What is needed here is an exact repetition of the records below, beginning at the line that has "subtitle Geometry to" and stopping after the line that has "text The last".

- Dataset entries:
:::::

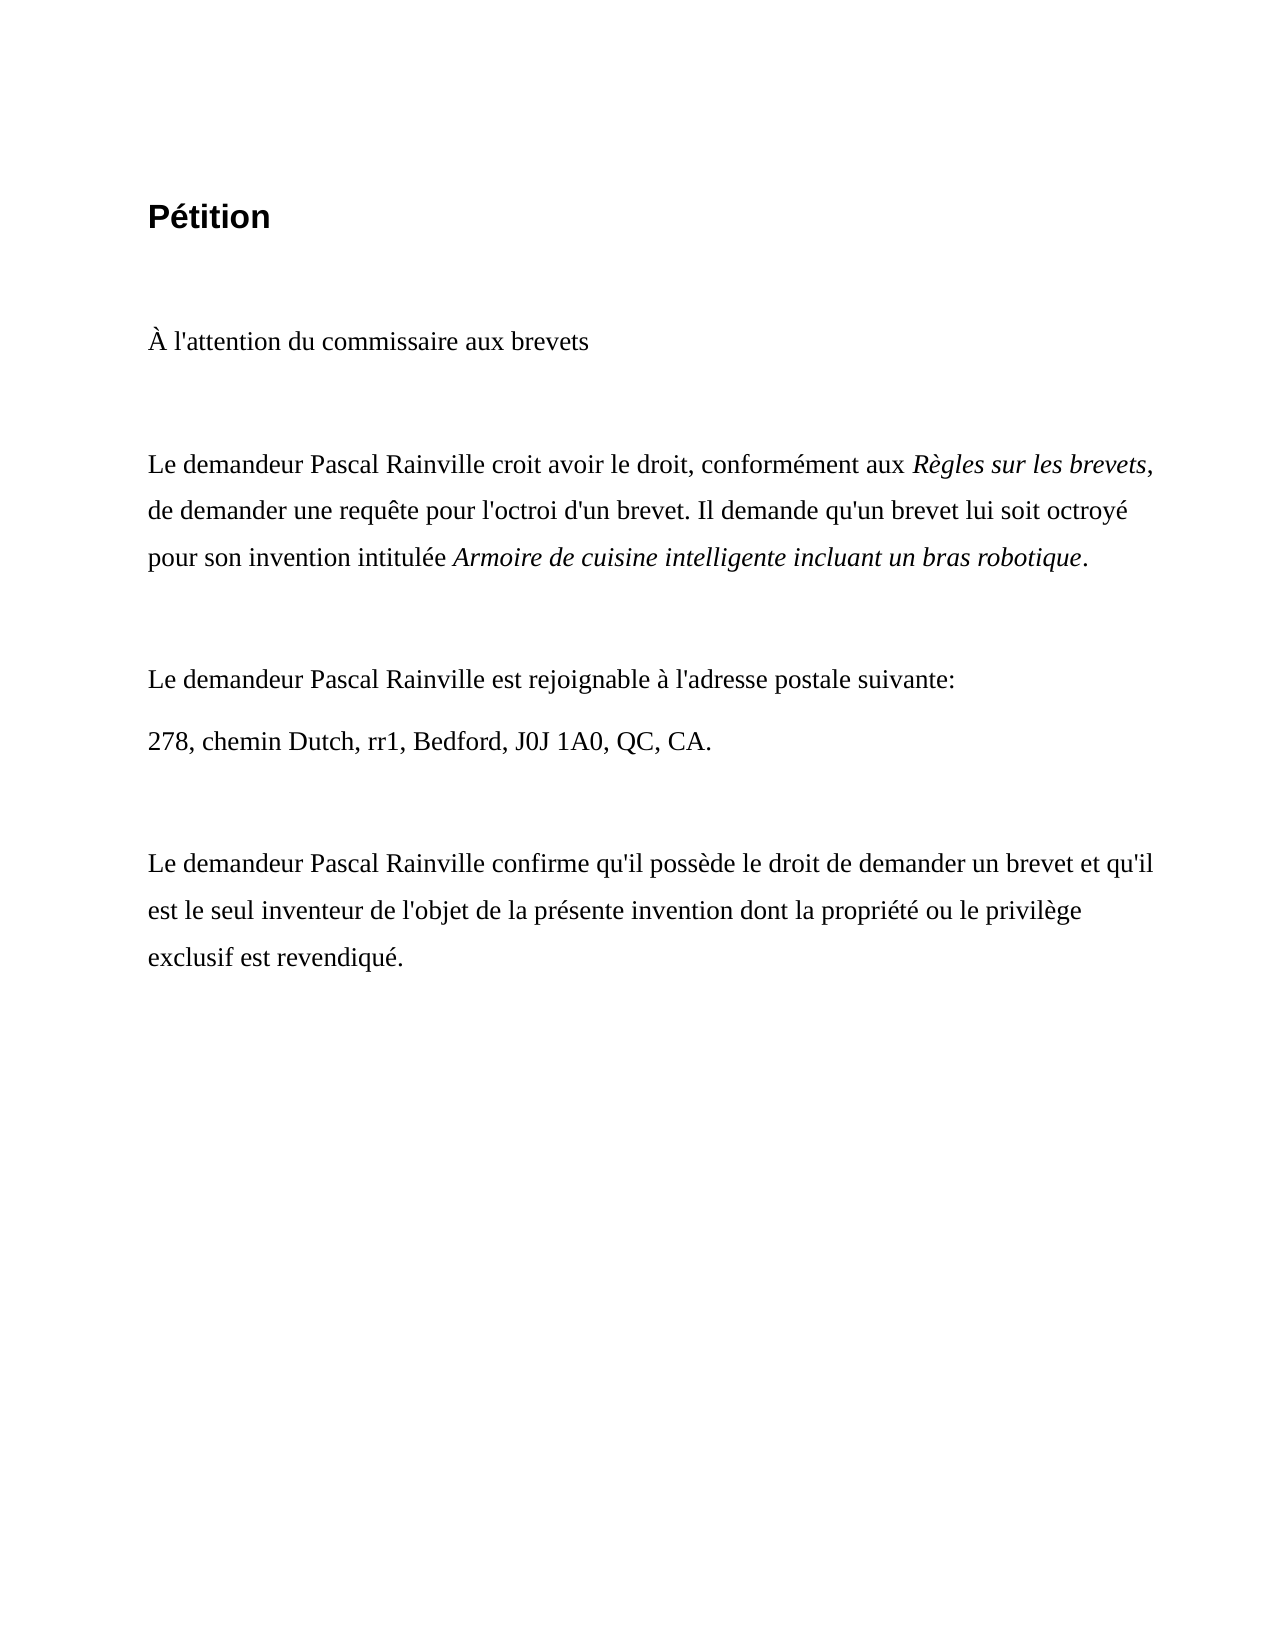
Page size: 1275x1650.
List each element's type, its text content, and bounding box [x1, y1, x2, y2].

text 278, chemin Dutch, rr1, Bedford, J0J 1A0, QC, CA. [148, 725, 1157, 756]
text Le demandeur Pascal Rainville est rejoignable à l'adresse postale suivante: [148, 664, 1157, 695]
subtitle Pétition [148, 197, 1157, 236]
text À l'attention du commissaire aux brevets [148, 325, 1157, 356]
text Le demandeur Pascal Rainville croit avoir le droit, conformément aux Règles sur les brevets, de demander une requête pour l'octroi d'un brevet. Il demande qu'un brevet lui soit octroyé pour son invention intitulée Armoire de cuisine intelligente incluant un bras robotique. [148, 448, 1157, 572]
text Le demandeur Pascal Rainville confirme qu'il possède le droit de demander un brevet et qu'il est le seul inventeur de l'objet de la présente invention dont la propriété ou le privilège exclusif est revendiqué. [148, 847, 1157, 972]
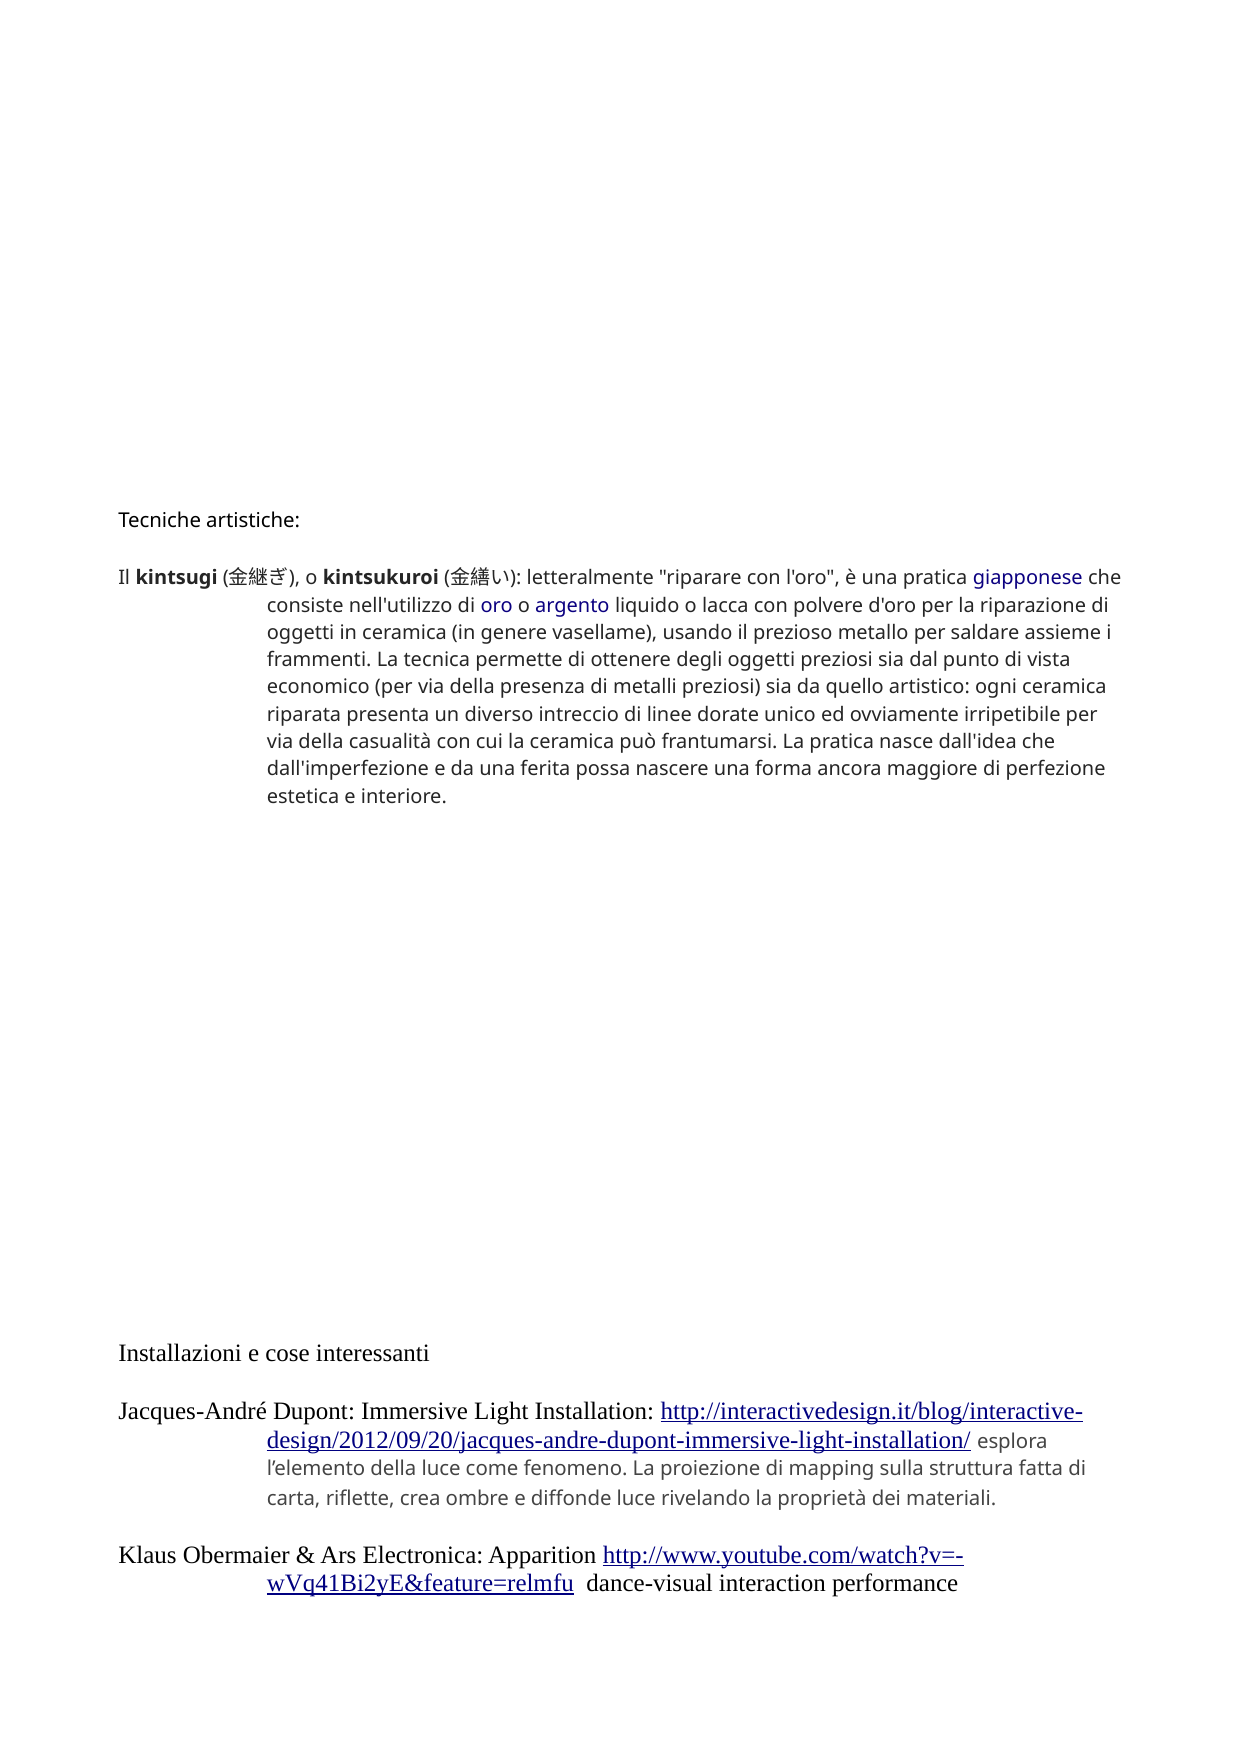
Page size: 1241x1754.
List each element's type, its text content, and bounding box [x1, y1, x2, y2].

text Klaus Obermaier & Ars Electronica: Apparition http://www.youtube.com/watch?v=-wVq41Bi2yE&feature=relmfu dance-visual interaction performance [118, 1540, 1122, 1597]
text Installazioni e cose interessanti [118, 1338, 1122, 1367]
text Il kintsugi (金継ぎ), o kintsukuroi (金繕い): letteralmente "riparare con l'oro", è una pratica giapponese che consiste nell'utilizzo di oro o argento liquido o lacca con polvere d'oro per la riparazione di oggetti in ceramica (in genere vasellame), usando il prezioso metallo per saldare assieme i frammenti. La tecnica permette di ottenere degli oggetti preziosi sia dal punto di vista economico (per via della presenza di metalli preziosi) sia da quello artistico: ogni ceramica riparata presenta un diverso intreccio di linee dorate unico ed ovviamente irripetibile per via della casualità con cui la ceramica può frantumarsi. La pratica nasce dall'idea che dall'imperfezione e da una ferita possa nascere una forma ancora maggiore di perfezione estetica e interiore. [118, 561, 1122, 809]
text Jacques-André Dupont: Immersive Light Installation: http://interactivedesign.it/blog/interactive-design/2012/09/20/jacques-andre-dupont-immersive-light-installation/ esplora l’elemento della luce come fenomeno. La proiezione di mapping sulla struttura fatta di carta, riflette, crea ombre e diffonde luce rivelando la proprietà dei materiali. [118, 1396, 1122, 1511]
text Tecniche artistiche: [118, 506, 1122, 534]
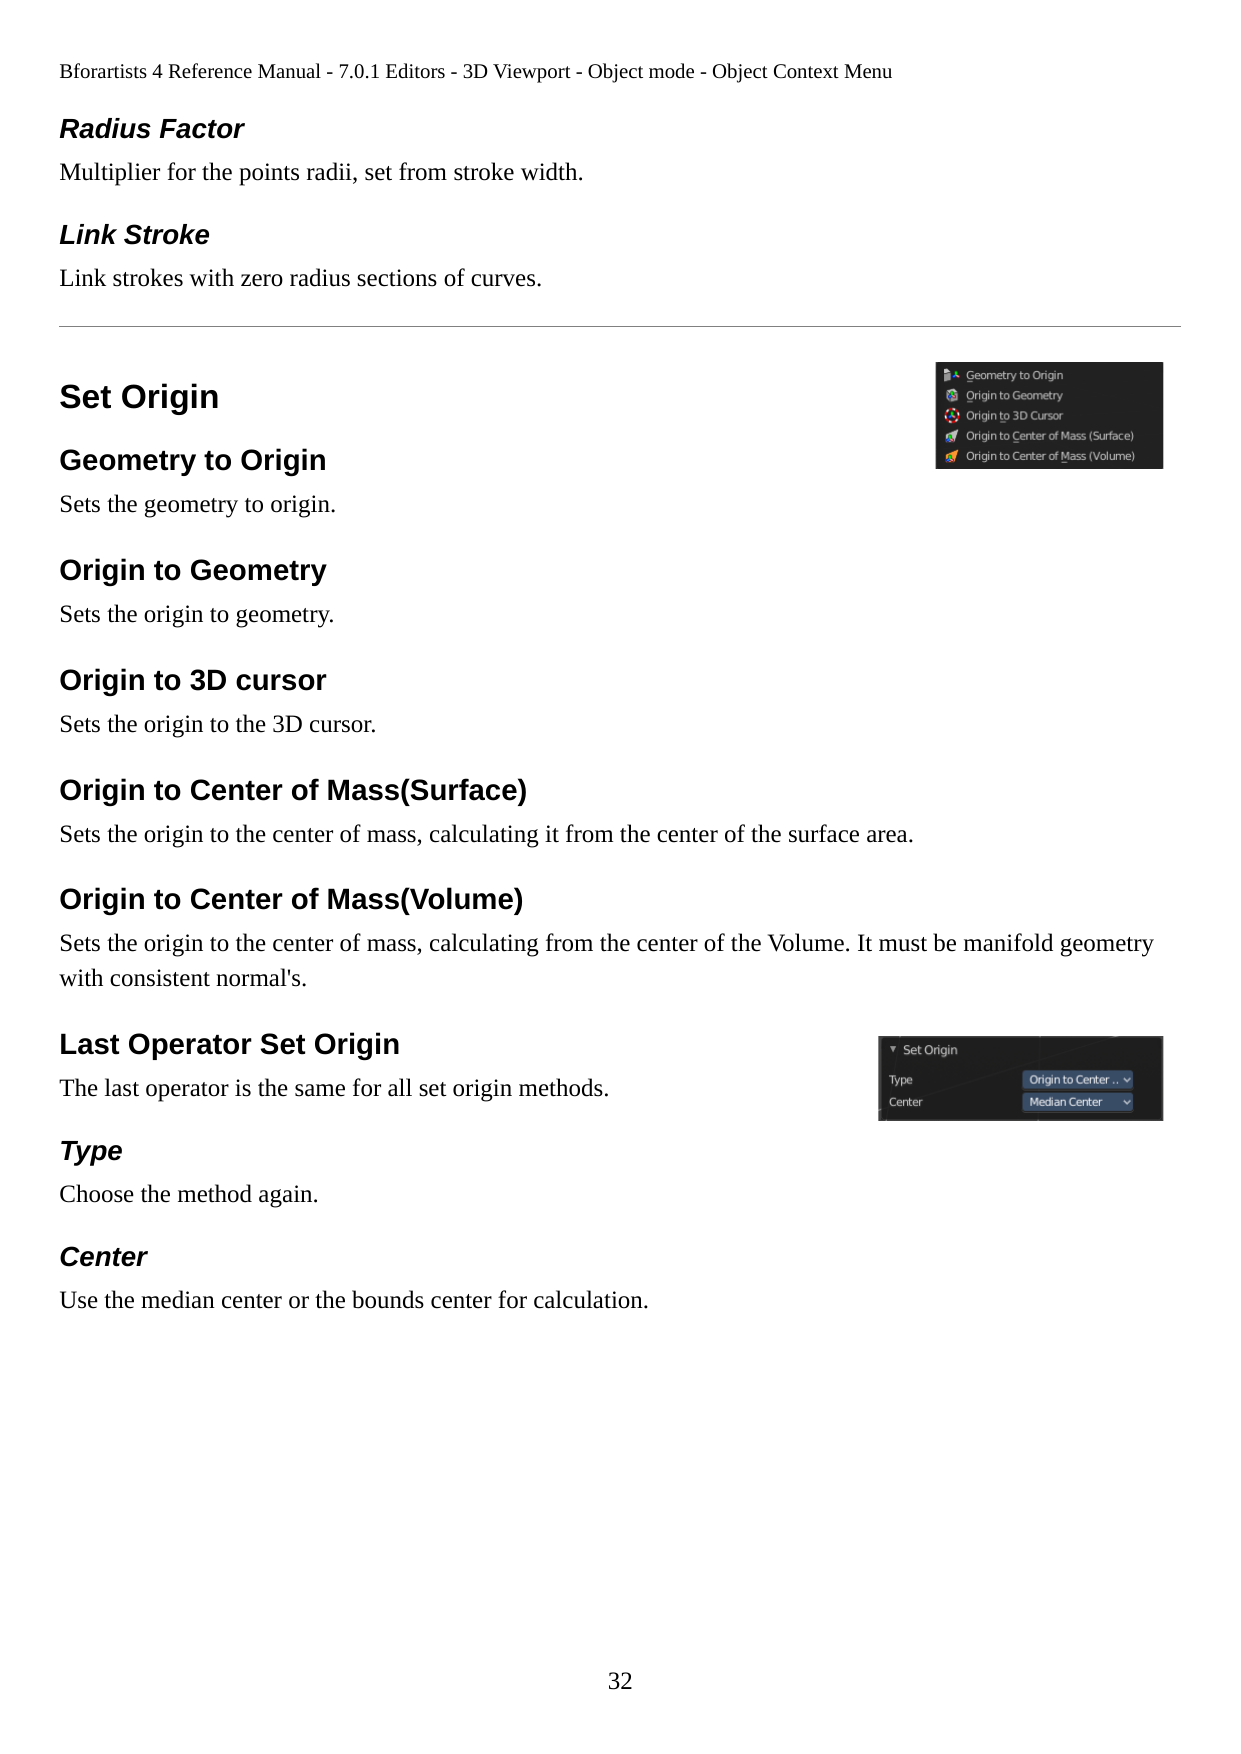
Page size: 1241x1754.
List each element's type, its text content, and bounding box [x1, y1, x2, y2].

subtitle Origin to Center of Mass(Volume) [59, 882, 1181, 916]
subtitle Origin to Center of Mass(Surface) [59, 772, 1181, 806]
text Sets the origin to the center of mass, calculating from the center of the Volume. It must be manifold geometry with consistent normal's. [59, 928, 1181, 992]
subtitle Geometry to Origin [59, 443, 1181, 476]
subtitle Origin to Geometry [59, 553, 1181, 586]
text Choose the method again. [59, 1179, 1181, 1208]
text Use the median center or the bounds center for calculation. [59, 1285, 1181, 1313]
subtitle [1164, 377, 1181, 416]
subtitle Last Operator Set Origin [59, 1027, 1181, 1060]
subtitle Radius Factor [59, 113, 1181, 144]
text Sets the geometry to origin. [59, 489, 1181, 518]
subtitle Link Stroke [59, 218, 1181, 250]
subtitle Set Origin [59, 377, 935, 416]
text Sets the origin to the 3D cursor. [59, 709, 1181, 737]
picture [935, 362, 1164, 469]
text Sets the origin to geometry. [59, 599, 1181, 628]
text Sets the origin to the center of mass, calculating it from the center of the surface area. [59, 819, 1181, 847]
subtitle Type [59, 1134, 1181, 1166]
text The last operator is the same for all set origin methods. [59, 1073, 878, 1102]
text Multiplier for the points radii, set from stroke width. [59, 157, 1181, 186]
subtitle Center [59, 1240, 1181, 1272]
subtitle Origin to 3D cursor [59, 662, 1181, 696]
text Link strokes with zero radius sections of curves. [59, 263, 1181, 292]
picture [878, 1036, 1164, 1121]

:::::

- Solution to this exercise:
subtitle Geometry to Origin [59, 443, 1181, 476]
subtitle Origin to Geometry [59, 553, 1181, 586]
text Choose the method again. [59, 1179, 1181, 1208]
text Use the median center or the bounds center for calculation. [59, 1285, 1181, 1313]
subtitle [1164, 377, 1181, 416]
subtitle Last Operator Set Origin [59, 1027, 1181, 1060]
subtitle Radius Factor [59, 113, 1181, 144]
text Sets the geometry to origin. [59, 489, 1181, 518]
subtitle Link Stroke [59, 218, 1181, 250]
subtitle Set Origin [59, 377, 935, 416]
text Sets the origin to the 3D cursor. [59, 709, 1181, 737]
picture [935, 362, 1164, 469]
text Sets the origin to geometry. [59, 599, 1181, 628]
text Sets the origin to the center of mass, calculating it from the center of the surface area. [59, 819, 1181, 847]
subtitle Type [59, 1134, 1181, 1166]
text The last operator is the same for all set origin methods. [59, 1073, 878, 1102]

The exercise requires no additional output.